Unless I've made a mistake somewhere, this routine doesn't work as written, because at the time you're testing the sign flag, the bit you're interested in has already been shifted out.  But it's an interesting idea, so here's a version that works (but could probably be optimized more):
Code: [Select]
ld hl,0 ; 10
or a ; 4
ret z ; 5

scf ; 4
skip_zeroes:
adc a,a ; 4(9-n)
jr nc,skip_zeroes ; 12(9-n) - 5

jp loop_add0 ; 10

loop_add:
ret z ; 5k + 6
add hl,hl ; 11k
loop_add0:
add hl,de ; 11(k+1)
loop_noadd:
add a,a ; 4n
jr c, loop_add ; 7n + 5k
add hl,hl ; 11(n-k-1)
jp loop_noadd ; 10(n-k-1)
If I've worked it out correctly, this has a minimum (non-trivial) running time of 192, a maximum of 437, and average of ~368.57.
Title: Re: Streamlined Asm routines
Post by: DrDnar on January 07, 2012, 05:15:59 pm
For reference, here are the timings for the routines from Z80 Bits (http://baze.au.com/misc/z80bits.html#1.1).

Rolled:
Code: [Select]
; Ref Worst Best
MultHbyE:
ld l, 0 ; 7 7 7
ld d, l ; 4 4 4
sla h ; 8 8 8
jr nc,$+3 ; 12/7 12 7
ld l,e ; 4 4
ld b, 7 ; 7 7 7
_: add hl,hl ; 11 11 11
jr nc,$+3 ; 12/7 7 12
add hl,de ; 11 11
djnz -_ ; 13/8 13 13
; -5 -5
; 327 284

MultAbyDE:
ld hl, 0 ; 10 10 10
ld c, l ; 4 4 4
add a,a ; 4 4 4
jr nc,$+4 ; 12/7 7 12
ld h,d ; 4 4
ld l,e ; 4 4
ld b, 7 ; 7 7 7
_: add hl,hl ; 11 11 11
rla ; 4 4 4
jr nc,$+4 ; 12/7 7 12
add hl,de ; 11 11
adc a,c ; 4 4
djnz -_ ; 13/8 13 13
; -5 -5
; 385 312

Unrolled:
Code: [Select]
MultHbyE:
; L and D must already be 0
sla h ; 8 8 8
jr nc,$+3 ; 12/7 12 7
ld l,e ; 4 4

add hl,hl ; 11 11 11
jr nc,$+3 ; 12/7 7 12
add hl,de ; 11 77
; *7 *7 *7
; 223 180

MultAbyDE:
; HL and C must already be 0
add a,a ; 4 4 4
jr nc,$+4 ; 12/7 7 12
ld h,d ; 4 4
ld l,e ; 4 4

add hl,hl ; 11 11 11
rla ; 4 4 4
jr nc,$+4 ; 12/7 7 12
add hl,de ; 11 11
adc a,c ; 4 4
; *7 *7 *7
; 278 205
Title: Re: Streamlined Asm routines
Post by: Xeda112358 on January 07, 2012, 07:18:36 pm
This was to Floppus, but I lost internet connection for a while:
Dang, I must have messed up big time somewhere.

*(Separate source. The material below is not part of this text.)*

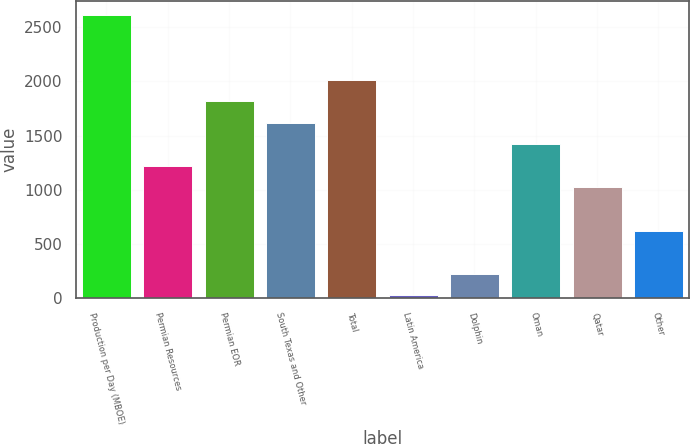<chart> <loc_0><loc_0><loc_500><loc_500><bar_chart><fcel>Production per Day (MBOE)<fcel>Permian Resources<fcel>Permian EOR<fcel>South Texas and Other<fcel>Total<fcel>Latin America<fcel>Dolphin<fcel>Oman<fcel>Qatar<fcel>Other<nl><fcel>2609.5<fcel>1220<fcel>1815.5<fcel>1617<fcel>2014<fcel>29<fcel>227.5<fcel>1418.5<fcel>1021.5<fcel>624.5<nl></chart> 
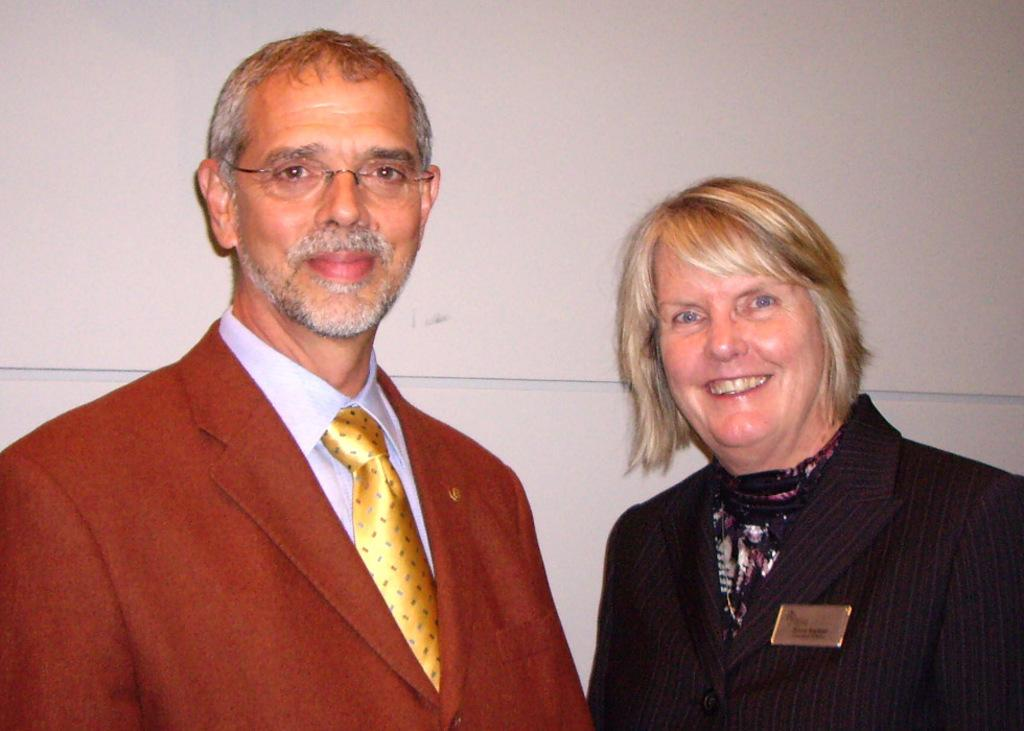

You are right, that routine really does not work at all. Now I need to figure out where I went wrong because I was sure I had a working version :(

I think you over counted your cycles, too o.o What I did to make things easier was to remove the code that stripped the leading zeroes and that alone has a worst case of 404 cycles and best case of 327 cycles. pretty much, it is 316+11b where b is the number of bits in A (b=0 is the trivial case and I am not counting that). Your routine is still eluding me how to best analyse it, though, but I think it is a lot faster than you thought and better than the normal routine.